▸ YOUR OBJECTIVE
Write out the listing exactly, dropping any picture it contains.

▸ STUDY MATERIAL
+++

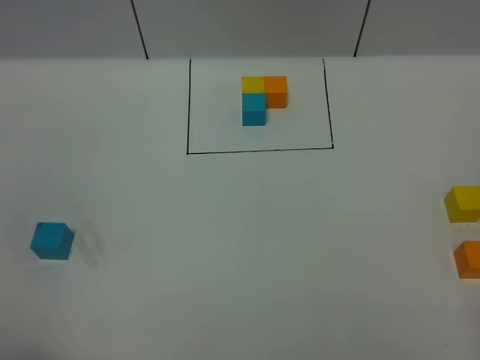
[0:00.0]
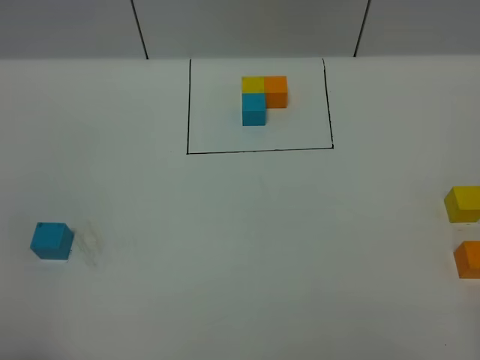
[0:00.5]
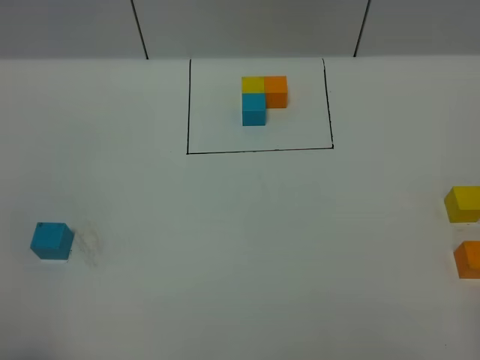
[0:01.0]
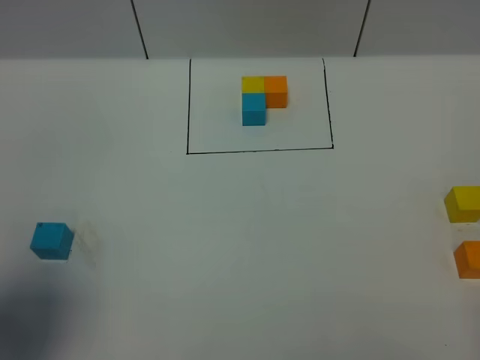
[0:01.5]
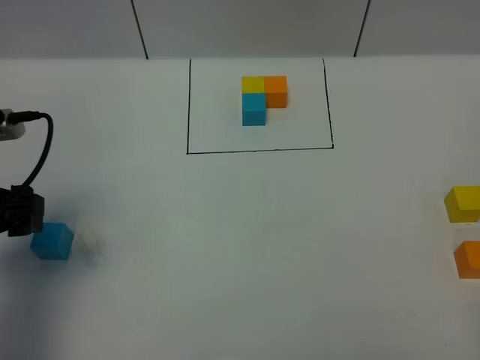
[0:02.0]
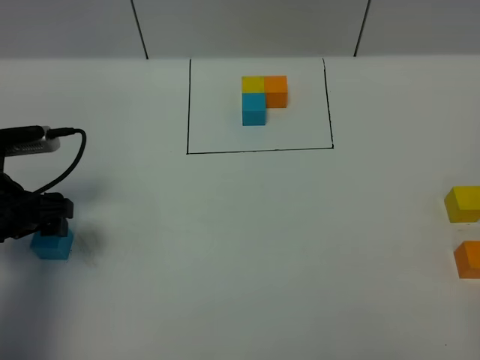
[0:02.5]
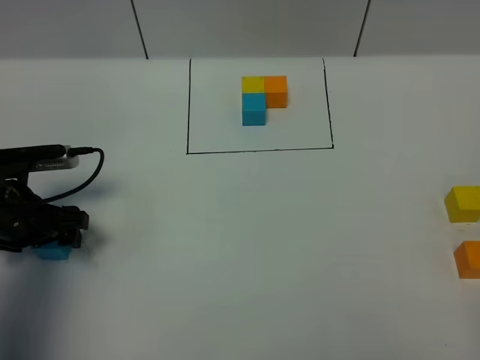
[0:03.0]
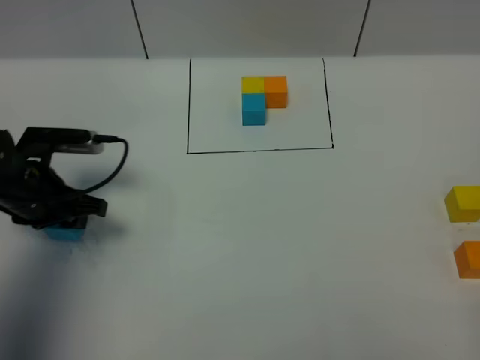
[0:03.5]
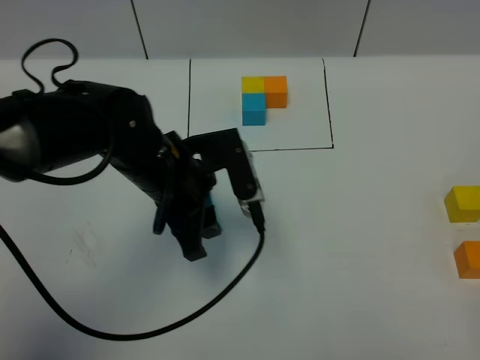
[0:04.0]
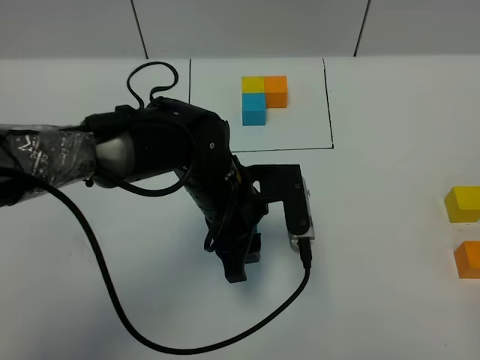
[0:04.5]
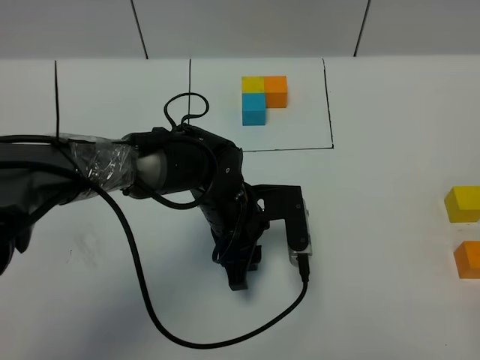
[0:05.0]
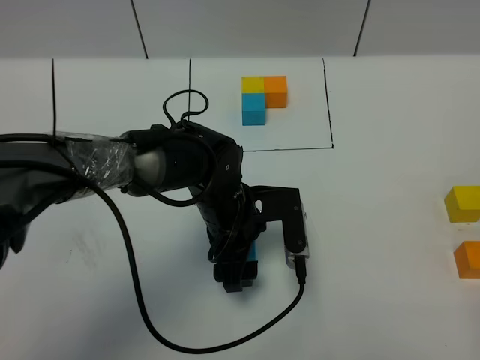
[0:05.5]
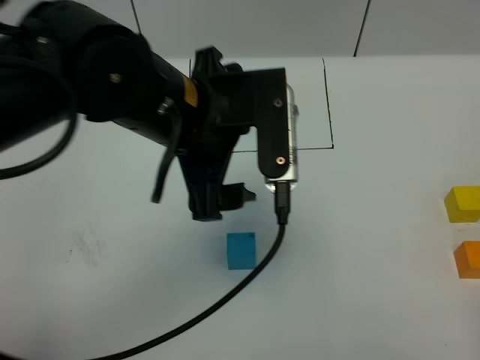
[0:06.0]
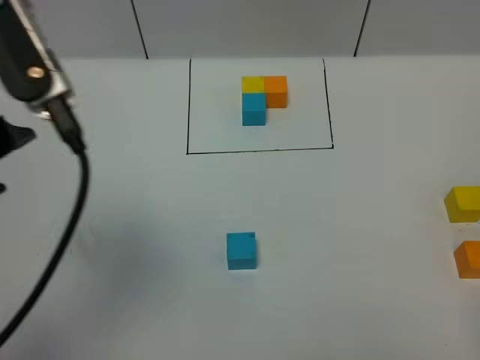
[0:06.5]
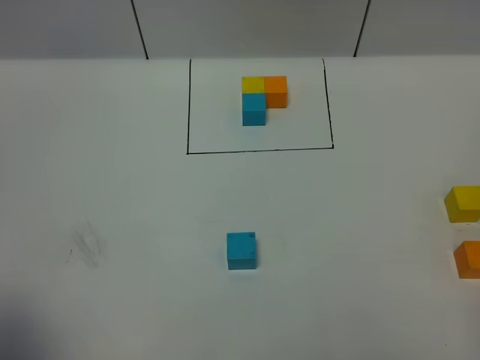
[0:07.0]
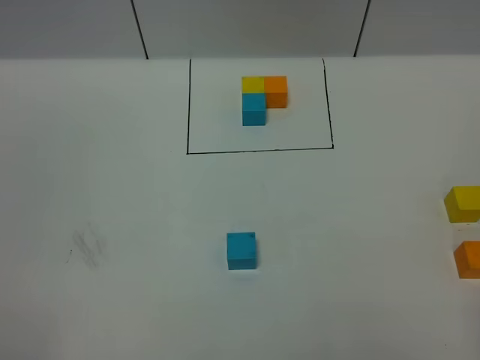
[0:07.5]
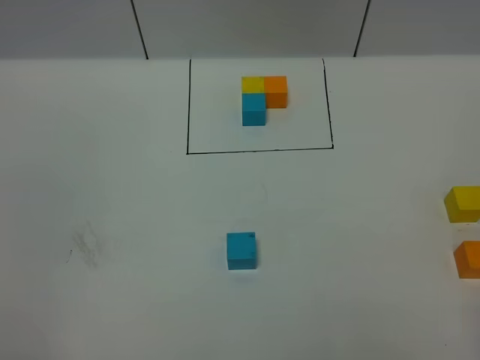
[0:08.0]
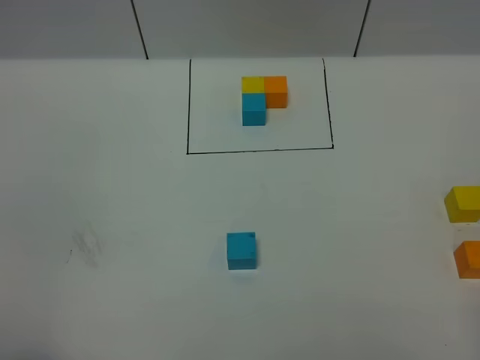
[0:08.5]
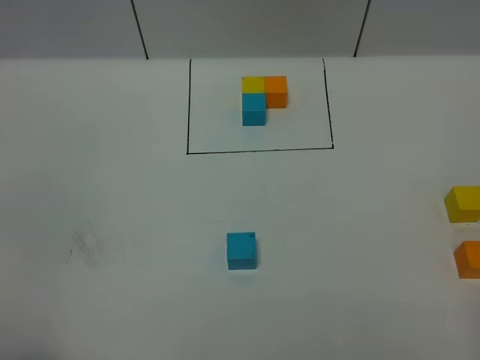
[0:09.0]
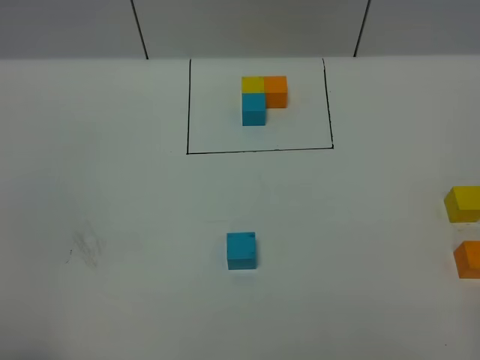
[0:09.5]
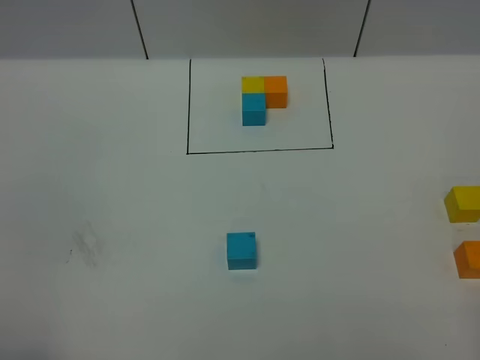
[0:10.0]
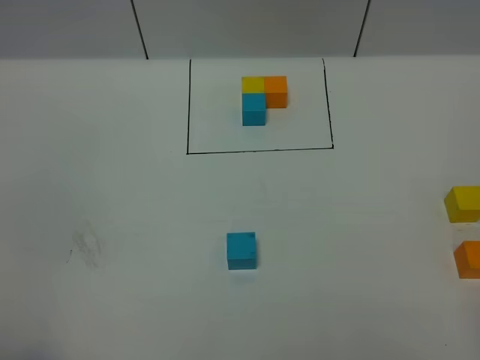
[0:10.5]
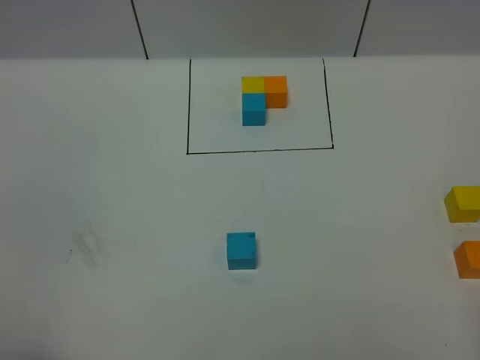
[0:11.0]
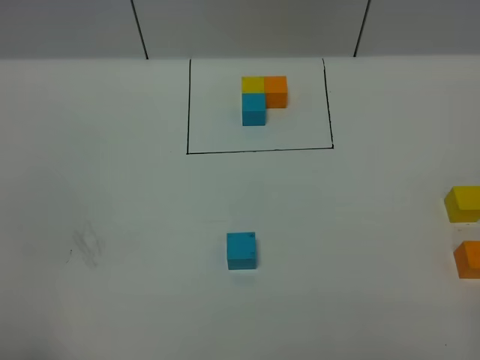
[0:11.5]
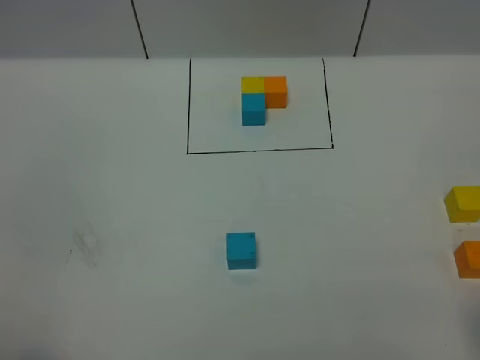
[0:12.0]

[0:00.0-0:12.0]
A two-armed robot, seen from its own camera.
Task of the whole recording: According to the building block template in front, assemble the scattered blocks together.
Step, 2.0 to 5.5 s: Put the blue cube in the center of the table.
0.0 to 2.0 s: The left gripper moves forward, roughly 25 cm.
2.0 to 4.0 s: The left gripper heads to the right, covering approximately 20 cm, and closes up.
4.0 to 6.0 s: The left gripper shifts approximately 15 cm upward, and opens its fingers.
6.0 to 8.0 s: The left gripper shifts roughly 40 cm backward and to the left, and closes.

+++

▸ TASK RESPONSE
[0:00.0]
[0:00.5]
[0:01.0]
[0:01.5]
[0:02.0]
[0:02.5]
[0:03.0]
[0:03.5]
[0:04.0]
[0:04.5]
[0:05.0]
[0:05.5]
[0:06.0]
[0:06.5]
[0:07.0]
[0:07.5]
[0:08.0]
[0:08.5]
[0:09.0]
[0:09.5]
[0:10.0]
[0:10.5]
[0:11.0]
[0:11.5]
[0:12.0]

[0:00.0-0:12.0]
A two-armed robot, seen from its own camera.
Task of the whole recording: According to the building block template in front, assemble the scattered blocks together.
Step, 2.0 to 5.5 s: Put the blue cube in the center of the table.
0.0 to 2.0 s: The left gripper moves forward, roughly 25 cm.
2.0 to 4.0 s: The left gripper heads to the right, covering approximately 20 cm, and closes up.
4.0 to 6.0 s: The left gripper shifts approximately 15 cm upward, and opens its fingers.
6.0 to 8.0 s: The left gripper shifts roughly 40 cm backward and to the left, and closes.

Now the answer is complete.